Some people at Bell Labs felt exactly the opposite of the way you feel.
Because of their feelings, they invented C.

-- 
Norman Diamond, Nihon DEC     diamond@tkou02.enet.dec.com
This is me speaking.  If you want to hear the company speak, you need DECtalk.

peter@ficc.ferranti.com (Peter da Silva) (07/16/90)

In article <56704@lanl.gov> jlg@lanl.gov (Jim Giles) writes:
[lookup table]
> Works just fine (but still slower than the assemble - by a lot) - provided
> that you are doing parity checking of something _small_, like a single
> byte.  The table gets kind of large for a 32-bit integer.

Luckily, parity is conserved. Thus you can use the byte lookup table 4 times
over the word. If things are getting tight enough and you're working on a hot
spot, then break out the assembler (but leave the original code ifdeffed in).

Harder to do with checksums, though.
-- 
Peter da Silva.   `-_-'
+1 713 274 5180.
<peter@ficc.ferranti.com>

njk@diku.dk (Niels J|rgen Kruse) (07/16/90)

peter@ficc.ferranti.com (Peter da Silva) writes:

}In article <56704@lanl.gov> jlg@lanl.gov (Jim Giles) writes:
}[lookup table]
}> Works just fine (but still slower than the assemble - by a lot) - provided
}> that you are doing parity checking of something _small_, like a single
}> byte.  The table gets kind of large for a 32-bit integer.

}Luckily, parity is conserved. Thus you can use the byte lookup table 4 times
}over the word.

Better yet, xor the bytes together and then use the fine lookup table.
Parity is just the xor of all the bits in any old order, remember.
-- 
Niels J|rgen Kruse 	DIKU Graduate 	njk@diku.dk

sra@ecs.soton.ac.uk (Stephen Adams) (07/17/90)

In article <1990Jul16.163019.3933@diku.dk> njk@diku.dk (Niels J|rgen Kruse) writes:

 > peter@ficc.ferranti.com (Peter da Silva) writes:
 > 
 > }In article <56704@lanl.gov> jlg@lanl.gov (Jim Giles) writes:
 > }[lookup table]
 > }> Works just fine (but still slower than the assemble - by a lot) - provided
 > }> that you are doing parity checking of something _small_, like a single
 > }> byte.  The table gets kind of large for a 32-bit integer.
 > 
 > }Luckily, parity is conserved.
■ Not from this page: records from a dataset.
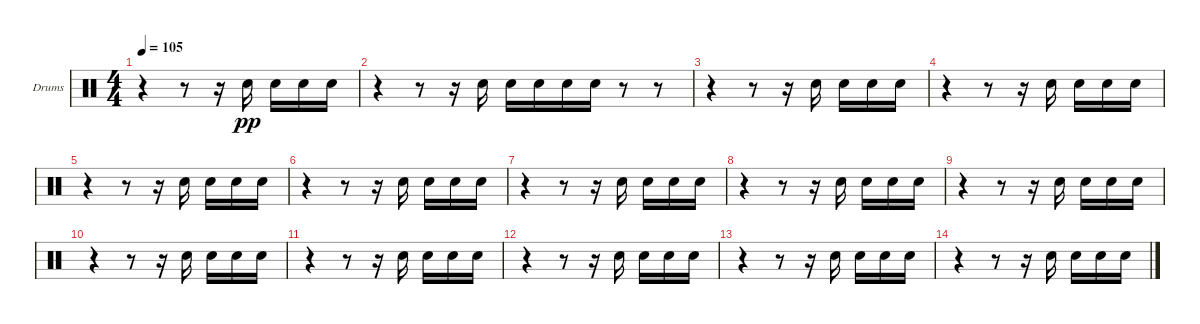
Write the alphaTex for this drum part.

\defaultSystemsLayout 4
\bracketExtendMode groupsimilarinstruments
\firstSystemTrackNameOrientation horizontal
\otherSystemsTrackNameOrientation horizontal
\track ("Drumkit" "Drums") {instrument percussion}
\staff {score}
\articulation defaults
\ts (4 4)
\tempo 105
\clef neutral
\scale
0.333333
\ks c
r.4{dy pp} r.8 r.16 "Snare (hit) 2".16 "Snare (hit) 2".16 "Snare (hit) 2".16 "Snare (hit) 2".16 |
\scale
0.333333 r.4 r.8 r.16 "Snare (hit) 2".16 "Snare (hit) 2".16 "Snare (hit) 2".16 "Snare (hit) 2".16 "Snare (hit) 2".16 r.8 r.8 |
\scale
0.333333 r.4 r.8 r.16 "Snare (hit) 2".16 "Snare (hit) 2".16 "Snare (hit) 2".16 "Snare (hit) 2".16 |
\scale
0.333333 r.4 r.8 r.16 "Snare (hit) 2".16 "Snare (hit) 2".16 "Snare (hit) 2".16 "Snare (hit) 2".16 |
\scale
0.333333 r.4 r.8 r.16 "Snare (hit) 2".16 "Snare (hit) 2".16 "Snare (hit) 2".16 "Snare (hit) 2".16 |
\scale
0.333333 r.4 r.8 r.16 "Snare (hit) 2".16 "Snare (hit) 2".16 "Snare (hit) 2".16 "Snare (hit) 2".16 |
\scale
0.333333 r.4 r.8 r.16 "Snare (hit) 2".16 "Snare (hit) 2".16 "Snare (hit) 2".16 "Snare (hit) 2".16 |
\scale
0.333333 r.4 r.8 r.16 "Snare (hit) 2".16 "Snare (hit) 2".16 "Snare (hit) 2".16 "Snare (hit) 2".16 |
\scale
0.333333 r.4 r.8 r.16 "Snare (hit) 2".16 "Snare (hit) 2".16 "Snare (hit) 2".16 "Snare (hit) 2".16 |
\scale
0.333333 r.4 r.8 r.16 "Snare (hit) 2".16 "Snare (hit) 2".16 "Snare (hit) 2".16 "Snare (hit) 2".16 |
\scale
0.333333 r.4 r.8 r.16 "Snare (hit) 2".16 "Snare (hit) 2".16 "Snare (hit) 2".16 "Snare (hit) 2".16 |
\scale
0.333333 r.4 r.8 r.16 "Snare (hit) 2".16 "Snare (hit) 2".16 "Snare (hit) 2".16 "Snare (hit) 2".16 |
\scale
0.333333 r.4 r.8 r.16 "Snare (hit) 2".16 "Snare (hit) 2".16 "Snare (hit) 2".16 "Snare (hit) 2".16 |
\scale
0.333333 r.4 r.8 r.16 "Snare (hit) 2".16 "Snare (hit) 2".16 "Snare (hit) 2".16 "Snare (hit) 2".16 |
\scale
0.333333 |
\scale
0.333333
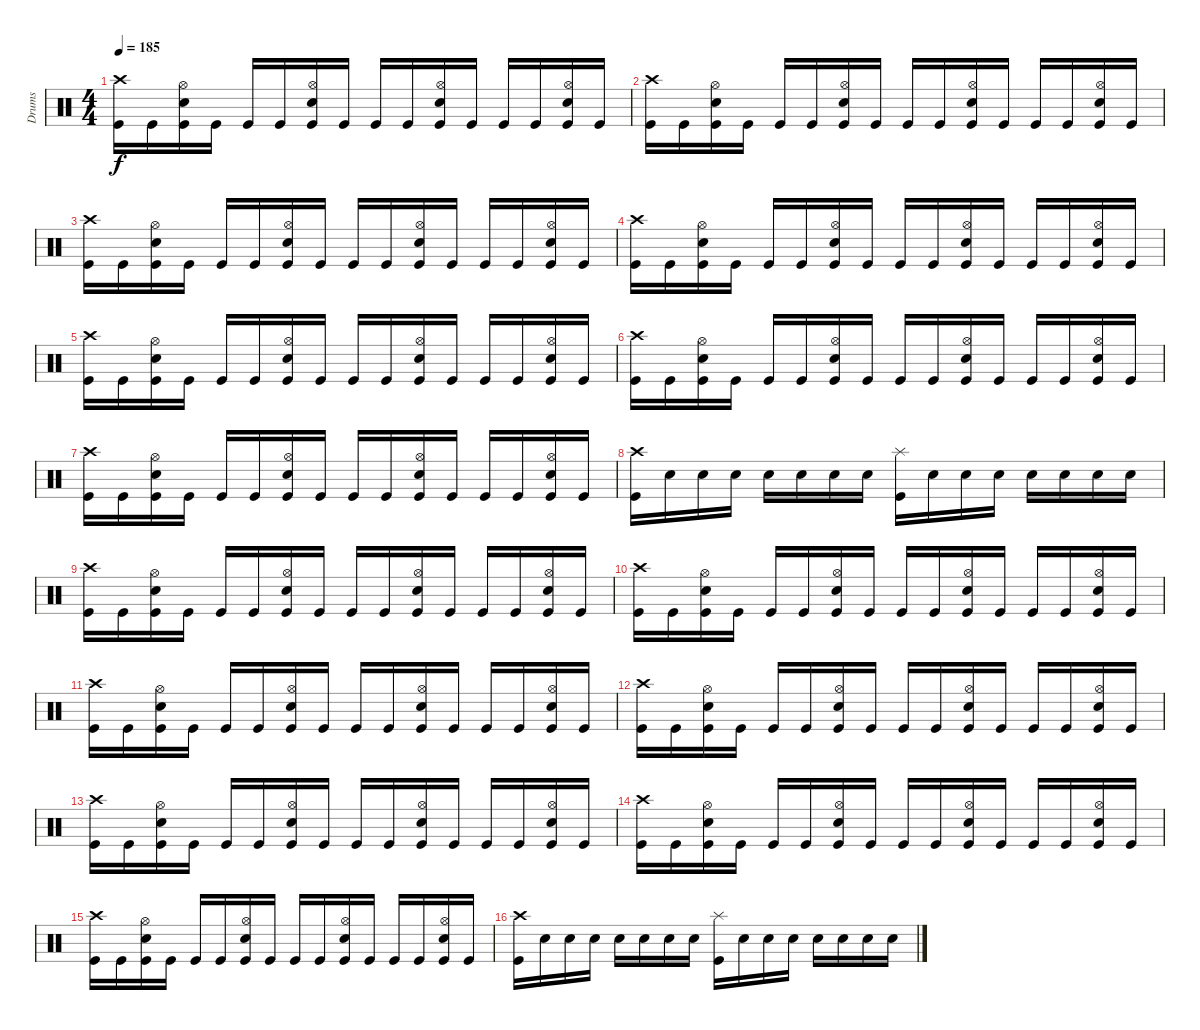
\track ("Drums" "Drums") {instrument percussion}
\staff {score}
\articulation defaults
\ts (4 4)
\tempo 185
\clef neutral
\ks c
("Crash high (hit)" "Kick (hit)").16{dy f} "Kick (hit)".16 ("Hi-Hat (open)" "Electric Snare (hit)" "Kick (hit)").16 "Kick (hit)".16 "Kick (hit)".16 "Kick (hit)".16 ("Hi-Hat (open)" "Electric Snare (hit)" "Kick (hit)").16 "Kick (hit)".16 "Kick (hit)".16 "Kick (hit)".16 ("Hi-Hat (open)" "Electric Snare (hit)" "Kick (hit)").16 "Kick (hit)".16 "Kick (hit)".16 "Kick (hit)".16 ("Hi-Hat (open)" "Electric Snare (hit)" "Kick (hit)").16 "Kick (hit)".16 |
("Crash high (hit)" "Kick (hit)").16 "Kick (hit)".16 ("Hi-Hat (open)" "Electric Snare (hit)" "Kick (hit)").16 "Kick (hit)".16 "Kick (hit)".16 "Kick (hit)".16 ("Hi-Hat (open)" "Electric Snare (hit)" "Kick (hit)").16 "Kick (hit)".16 "Kick (hit)".16 "Kick (hit)".16 ("Hi-Hat (open)" "Electric Snare (hit)" "Kick (hit)").16 "Kick (hit)".16 "Kick (hit)".16 "Kick (hit)".16 ("Hi-Hat (open)" "Electric Snare (hit)" "Kick (hit)").16 "Kick (hit)".16 |
("Crash high (hit)" "Kick (hit)").16 "Kick (hit)".16 ("Hi-Hat (open)" "Electric Snare (hit)" "Kick (hit)").16 "Kick (hit)".16 "Kick (hit)".16 "Kick (hit)".16 ("Hi-Hat (open)" "Electric Snare (hit)" "Kick (hit)").16 "Kick (hit)".16 "Kick (hit)".16 "Kick (hit)".16 ("Hi-Hat (open)" "Electric Snare (hit)" "Kick (hit)").16 "Kick (hit)".16 "Kick (hit)".16 "Kick (hit)".16 ("Hi-Hat (open)" "Electric Snare (hit)" "Kick (hit)").16 "Kick (hit)".16 |
("Crash high (hit)" "Kick (hit)").16 "Kick (hit)".16 ("Hi-Hat (open)" "Electric Snare (hit)" "Kick (hit)").16 "Kick (hit)".16 "Kick (hit)".16 "Kick (hit)".16 ("Hi-Hat (open)" "Electric Snare (hit)" "Kick (hit)").16 "Kick (hit)".16 "Kick (hit)".16 "Kick (hit)".16 ("Hi-Hat (open)" "Electric Snare (hit)" "Kick (hit)").16 "Kick (hit)".16 "Kick (hit)".16 "Kick (hit)".16 ("Hi-Hat (open)" "Electric Snare (hit)" "Kick (hit)").16 "Kick (hit)".16 |
("Crash high (hit)" "Kick (hit)").16 "Kick (hit)".16 ("Hi-Hat (open)" "Electric Snare (hit)" "Kick (hit)").16 "Kick (hit)".16 "Kick (hit)".16 "Kick (hit)".16 ("Hi-Hat (open)" "Electric Snare (hit)" "Kick (hit)").16 "Kick (hit)".16 "Kick (hit)".16 "Kick (hit)".16 ("Hi-Hat (open)" "Electric Snare (hit)" "Kick (hit)").16 "Kick (hit)".16 "Kick (hit)".16 "Kick (hit)".16 ("Hi-Hat (open)" "Electric Snare (hit)" "Kick (hit)").16 "Kick (hit)".16 |
("Crash high (hit)" "Kick (hit)").16 "Kick (hit)".16 ("Hi-Hat (open)" "Electric Snare (hit)" "Kick (hit)").16 "Kick (hit)".16 "Kick (hit)".16 "Kick (hit)".16 ("Hi-Hat (open)" "Electric Snare (hit)" "Kick (hit)").16 "Kick (hit)".16 "Kick (hit)".16 "Kick (hit)".16 ("Hi-Hat (open)" "Electric Snare (hit)" "Kick (hit)").16 "Kick (hit)".16 "Kick (hit)".16 "Kick (hit)".16 ("Hi-Hat (open)" "Electric Snare (hit)" "Kick (hit)").16 "Kick (hit)".16 |
("Crash high (hit)" "Kick (hit)").16 "Kick (hit)".16 ("Hi-Hat (open)" "Electric Snare (hit)" "Kick (hit)").16 "Kick (hit)".16 "Kick (hit)".16 "Kick (hit)".16 ("Hi-Hat (open)" "Electric Snare (hit)" "Kick (hit)").16 "Kick (hit)".16 "Kick (hit)".16 "Kick (hit)".16 ("Hi-Hat (open)" "Electric Snare (hit)" "Kick (hit)").16 "Kick (hit)".16 "Kick (hit)".16 "Kick (hit)".16 ("Hi-Hat (open)" "Electric Snare (hit)" "Kick (hit)").16 "Kick (hit)".16 |
("Crash high (hit)" "Kick (hit)").16 "Electric Snare (hit)".16 "Electric Snare (hit)".16 "Electric Snare (hit)".16 "Electric Snare (hit)".16 "Electric Snare (hit)".16 "Electric Snare (hit)".16 "Electric Snare (hit)".16 ("Splash (hit)" "Kick (hit)").16 "Electric Snare (hit)".16 "Electric Snare (hit)".16 "Electric Snare (hit)".16 "Electric Snare (hit)".16 "Electric Snare (hit)".16 "Electric Snare (hit)".16 "Electric Snare (hit)".16 |
("Crash high (hit)" "Kick (hit)").16 "Kick (hit)".16 ("Hi-Hat (open)" "Electric Snare (hit)" "Kick (hit)").16 "Kick (hit)".16 "Kick (hit)".16 "Kick (hit)".16 ("Hi-Hat (open)" "Electric Snare (hit)" "Kick (hit)").16 "Kick (hit)".16 "Kick (hit)".16 "Kick (hit)".16 ("Hi-Hat (open)" "Electric Snare (hit)" "Kick (hit)").16 "Kick (hit)".16 "Kick (hit)".16 "Kick (hit)".16 ("Hi-Hat (open)" "Electric Snare (hit)" "Kick (hit)").16 "Kick (hit)".16 |
("Crash high (hit)" "Kick (hit)").16 "Kick (hit)".16 ("Hi-Hat (open)" "Electric Snare (hit)" "Kick (hit)").16 "Kick (hit)".16 "Kick (hit)".16 "Kick (hit)".16 ("Hi-Hat (open)" "Electric Snare (hit)" "Kick (hit)").16 "Kick (hit)".16 "Kick (hit)".16 "Kick (hit)".16 ("Hi-Hat (open)" "Electric Snare (hit)" "Kick (hit)").16 "Kick (hit)".16 "Kick (hit)".16 "Kick (hit)".16 ("Hi-Hat (open)" "Electric Snare (hit)" "Kick (hit)").16 "Kick (hit)".16 |
("Crash high (hit)" "Kick (hit)").16 "Kick (hit)".16 ("Hi-Hat (open)" "Electric Snare (hit)" "Kick (hit)").16 "Kick (hit)".16 "Kick (hit)".16 "Kick (hit)".16 ("Hi-Hat (open)" "Electric Snare (hit)" "Kick (hit)").16 "Kick (hit)".16 "Kick (hit)".16 "Kick (hit)".16 ("Hi-Hat (open)" "Electric Snare (hit)" "Kick (hit)").16 "Kick (hit)".16 "Kick (hit)".16 "Kick (hit)".16 ("Hi-Hat (open)" "Electric Snare (hit)" "Kick (hit)").16 "Kick (hit)".16 |
("Crash high (hit)" "Kick (hit)").16 "Kick (hit)".16 ("Hi-Hat (open)" "Electric Snare (hit)" "Kick (hit)").16 "Kick (hit)".16 "Kick (hit)".16 "Kick (hit)".16 ("Hi-Hat (open)" "Electric Snare (hit)" "Kick (hit)").16 "Kick (hit)".16 "Kick (hit)".16 "Kick (hit)".16 ("Hi-Hat (open)" "Electric Snare (hit)" "Kick (hit)").16 "Kick (hit)".16 "Kick (hit)".16 "Kick (hit)".16 ("Hi-Hat (open)" "Electric Snare (hit)" "Kick (hit)").16 "Kick (hit)".16 |
("Crash high (hit)" "Kick (hit)").16 "Kick (hit)".16 ("Hi-Hat (open)" "Electric Snare (hit)" "Kick (hit)").16 "Kick (hit)".16 "Kick (hit)".16 "Kick (hit)".16 ("Hi-Hat (open)" "Electric Snare (hit)" "Kick (hit)").16 "Kick (hit)".16 "Kick (hit)".16 "Kick (hit)".16 ("Hi-Hat (open)" "Electric Snare (hit)" "Kick (hit)").16 "Kick (hit)".16 "Kick (hit)".16 "Kick (hit)".16 ("Hi-Hat (open)" "Electric Snare (hit)" "Kick (hit)").16 "Kick (hit)".16 |
("Crash high (hit)" "Kick (hit)").16 "Kick (hit)".16 ("Hi-Hat (open)" "Electric Snare (hit)" "Kick (hit)").16 "Kick (hit)".16 "Kick (hit)".16 "Kick (hit)".16 ("Hi-Hat (open)" "Electric Snare (hit)" "Kick (hit)").16 "Kick (hit)".16 "Kick (hit)".16 "Kick (hit)".16 ("Hi-Hat (open)" "Electric Snare (hit)" "Kick (hit)").16 "Kick (hit)".16 "Kick (hit)".16 "Kick (hit)".16 ("Hi-Hat (open)" "Electric Snare (hit)" "Kick (hit)").16 "Kick (hit)".16 |
("Crash high (hit)" "Kick (hit)").16 "Kick (hit)".16 ("Hi-Hat (open)" "Electric Snare (hit)" "Kick (hit)").16 "Kick (hit)".16 "Kick (hit)".16 "Kick (hit)".16 ("Hi-Hat (open)" "Electric Snare (hit)" "Kick (hit)").16 "Kick (hit)".16 "Kick (hit)".16 "Kick (hit)".16 ("Hi-Hat (open)" "Electric Snare (hit)" "Kick (hit)").16 "Kick (hit)".16 "Kick (hit)".16 "Kick (hit)".16 ("Hi-Hat (open)" "Electric Snare (hit)" "Kick (hit)").16 "Kick (hit)".16 |
("Crash high (hit)" "Kick (hit)").16 "Electric Snare (hit)".16 "Electric Snare (hit)".16 "Electric Snare (hit)".16 "Electric Snare (hit)".16 "Electric Snare (hit)".16 "Electric Snare (hit)".16 "Electric Snare (hit)".16 ("Splash (hit)" "Kick (hit)").16 "Electric Snare (hit)".16 "Electric Snare (hit)".16 "Electric Snare (hit)".16 "Electric Snare (hit)".16 "Electric Snare (hit)".16 "Electric Snare (hit)".16 "Electric Snare (hit)".16

Thus you can use the byte lookup table 4 times
 > }over the word.
 > 
 > Better yet, xor the bytes together and then use the fine lookup table.
 > Parity is just the xor of all the bits in any old order, remember.

Indeed, you can use this property and `fold' the byte in
half using shift and xor.  Then fold the 4bit word in half
and so on until you have just one bit which is the parity.
The other bits in the word become junk but that doesnt
matter because you just ignore them.  This seems to work
quite fast in practice and doesnt require a lookup table.
On a RISC it should be about as fast as a lookup table as
all the work is done in registers.

	x = datum;
	x^=(x>>4);
	x^=(x>>2);
	x^=(x>>1);
	parity_bit = x&1;

It extends naturally to the 32bit case:

	x = datum;
	x^=(x>>16);
	x^=(x>>8);
	x^=(x>>4);
	x^=(x>>2);
	x^=(x>>1);
	parity_bit = x&1;

If you need to use the parity bit in the correct bit
position then shift the other way (bytes):

	x = datum;
	x^=(x<<4);
	x^=(x<<2);
	x^=(x<<1);
	/*parity_bit = x&0x80;*/
	x^=(x&0x80);   /* force even parity */

--
Stephen Adams                        S.Adams@uk.ac.soton.ecs (JANET)
Computer Science                     S.Adams@ecs.soton.ac.uk (Bitnet)
Southampton SO9 5NH, UK              S.Adams@sot-ecs.uucp    (uucp)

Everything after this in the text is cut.